▸ WHAT YOU WILL DO
Go line by line through the entries below and copy those containing the string "pixels".

▸ DATA EXTRACTS
......

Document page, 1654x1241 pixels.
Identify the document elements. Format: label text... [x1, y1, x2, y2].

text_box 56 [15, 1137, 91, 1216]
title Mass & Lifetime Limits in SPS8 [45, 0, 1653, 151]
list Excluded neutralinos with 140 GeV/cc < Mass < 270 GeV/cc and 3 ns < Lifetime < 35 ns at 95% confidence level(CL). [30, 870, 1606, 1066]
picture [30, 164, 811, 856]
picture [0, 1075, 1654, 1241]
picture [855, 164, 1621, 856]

......

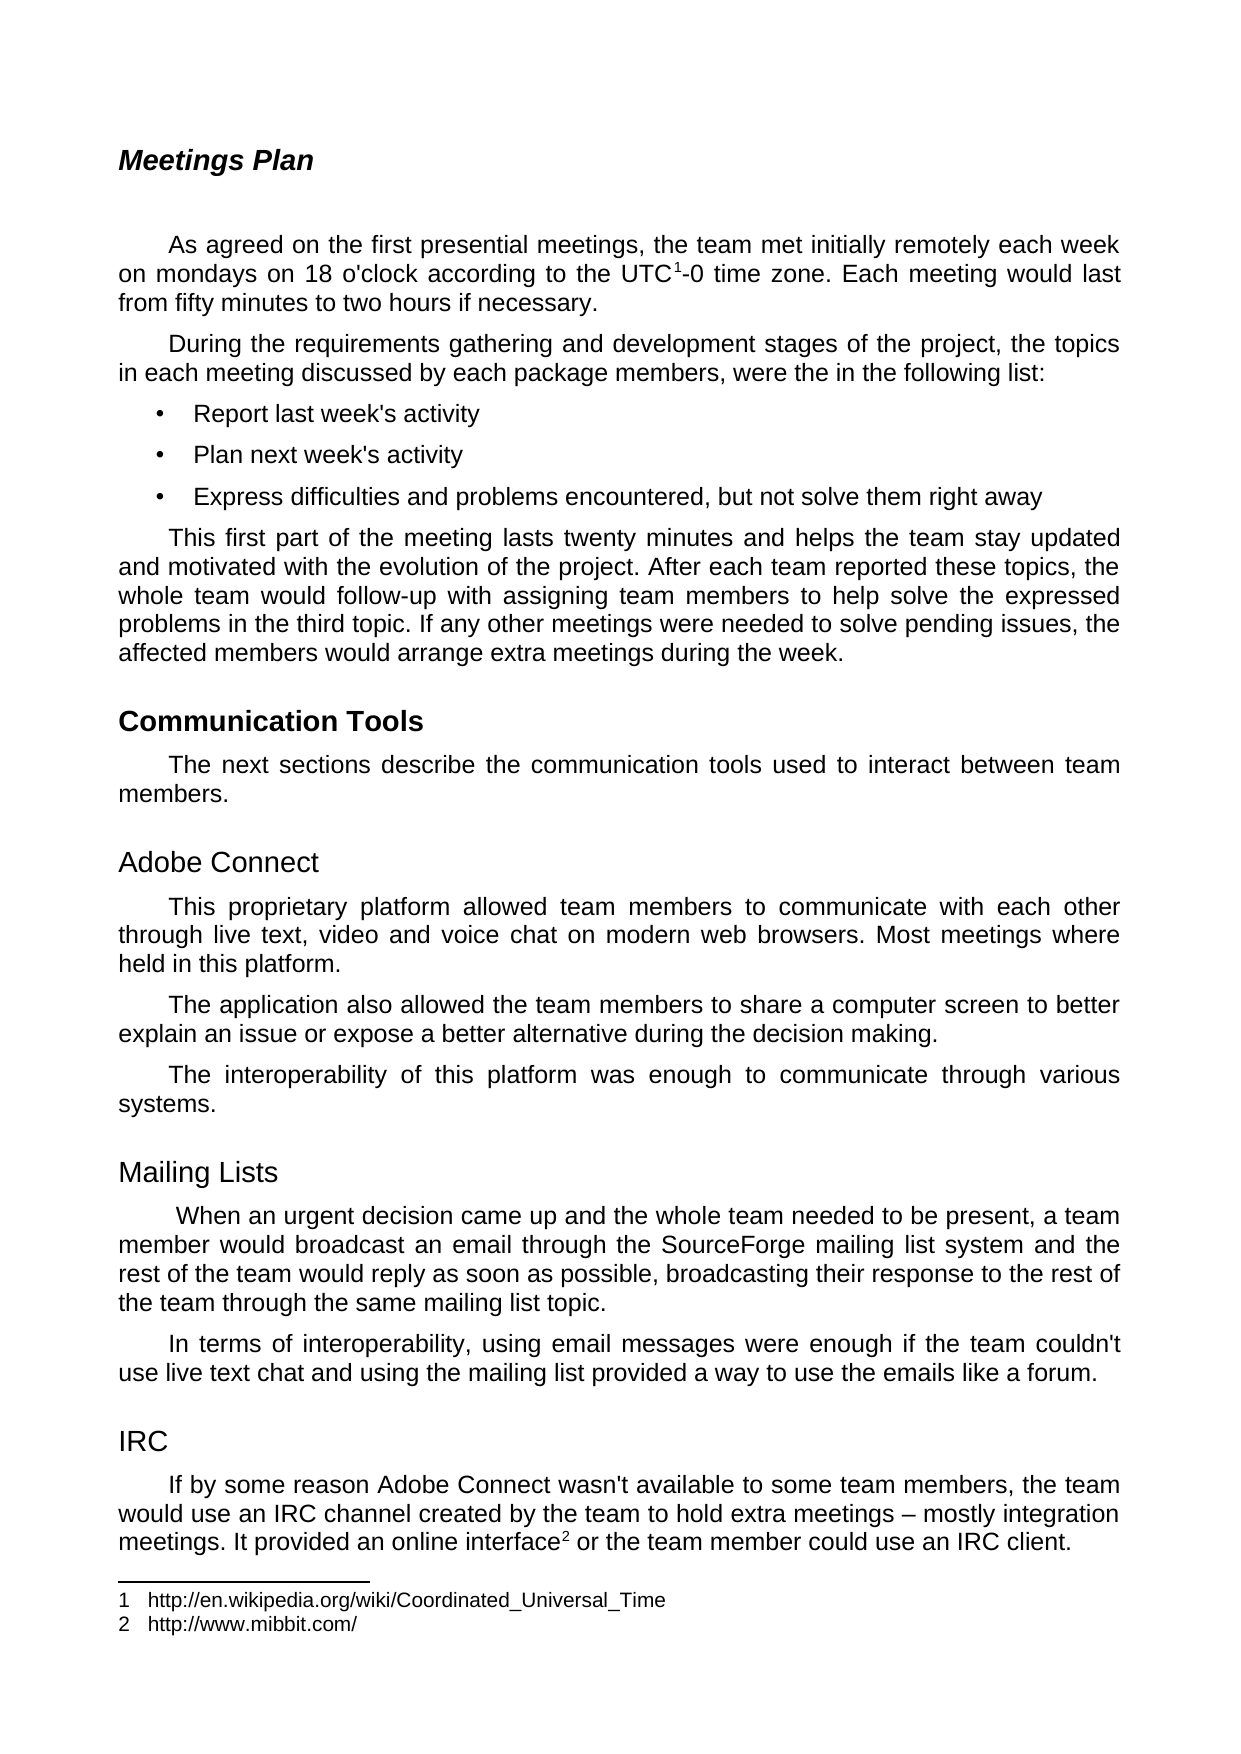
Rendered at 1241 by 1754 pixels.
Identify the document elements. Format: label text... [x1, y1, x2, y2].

......

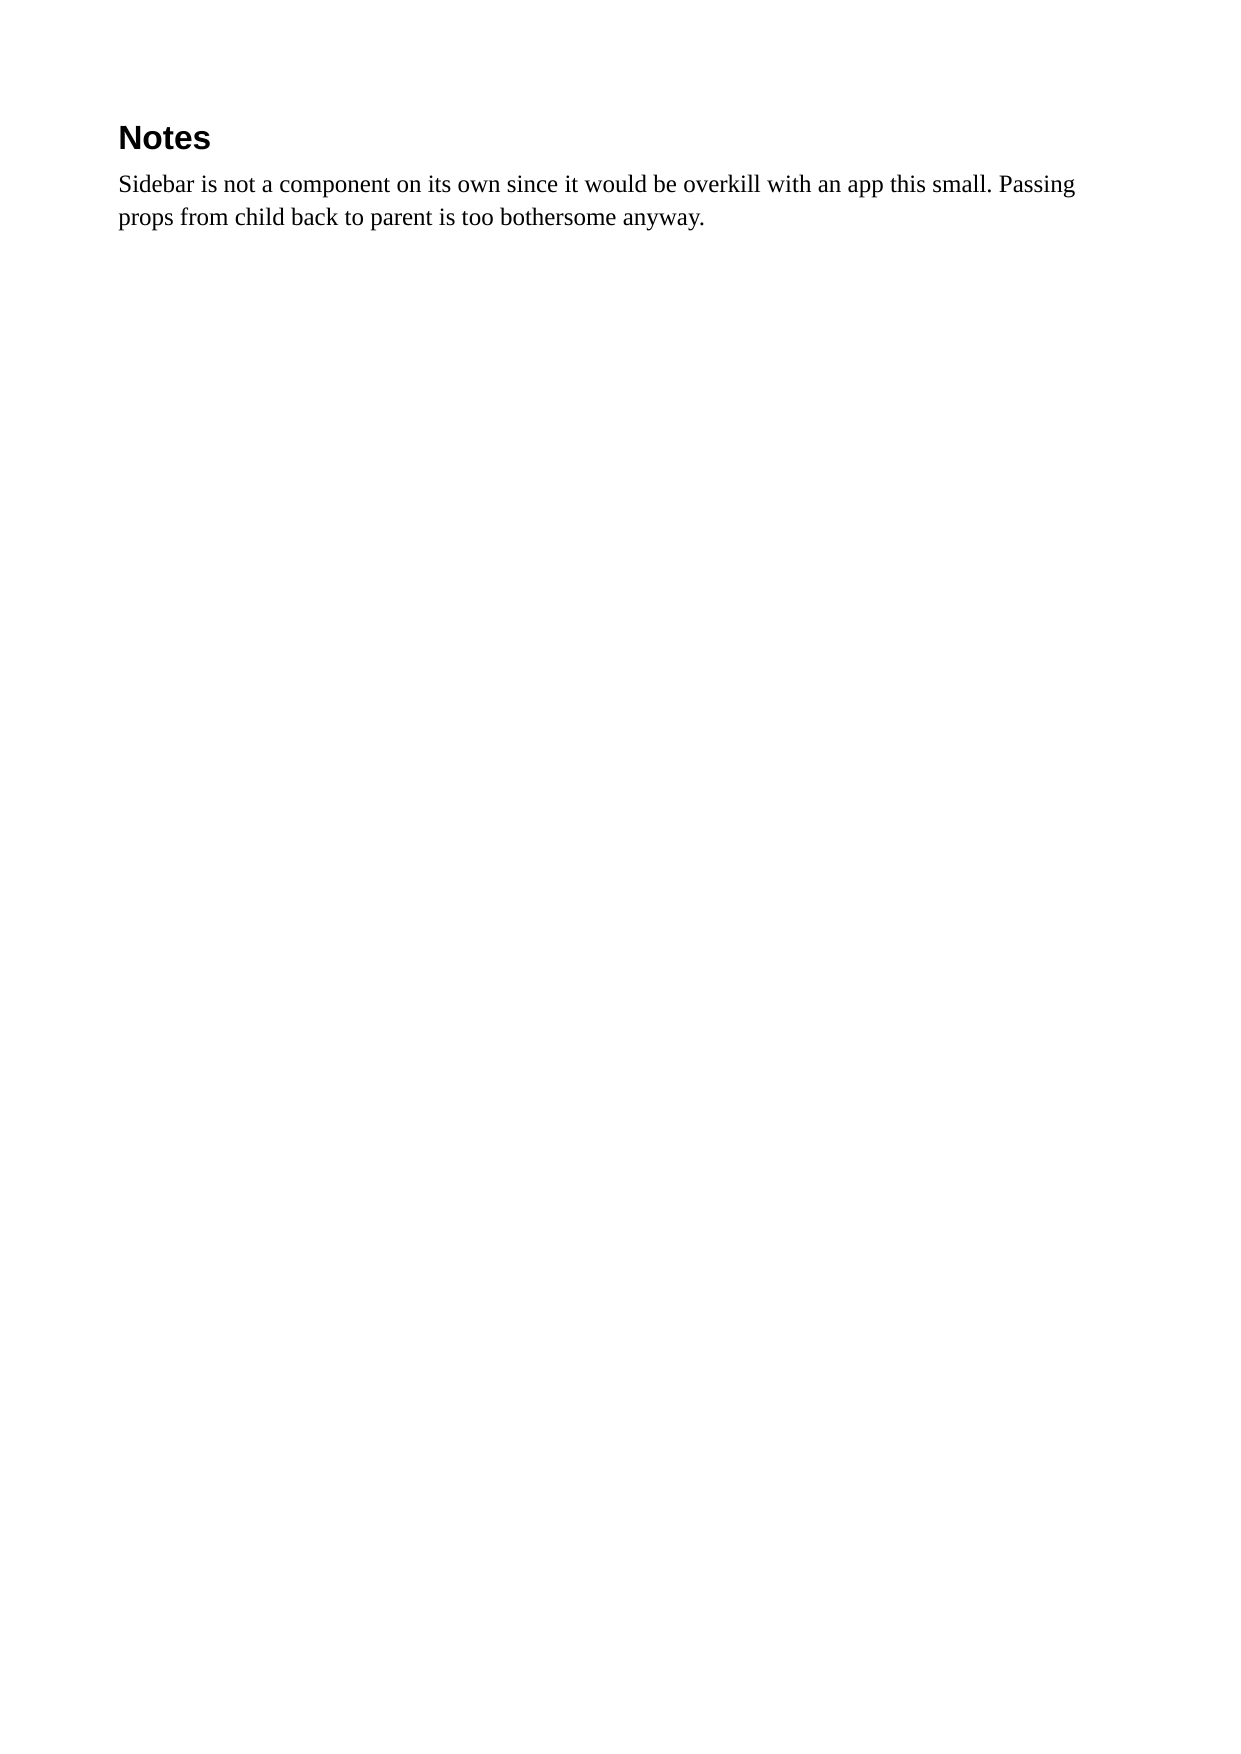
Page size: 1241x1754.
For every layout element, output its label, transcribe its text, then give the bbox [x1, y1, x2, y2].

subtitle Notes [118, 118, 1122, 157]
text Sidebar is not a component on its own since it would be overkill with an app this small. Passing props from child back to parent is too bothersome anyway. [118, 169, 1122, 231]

......

▸ REPLY TO THE EXERCISE
Document page, 1654x1241 pixels.
Rendered at 1241 by 1754 pixels.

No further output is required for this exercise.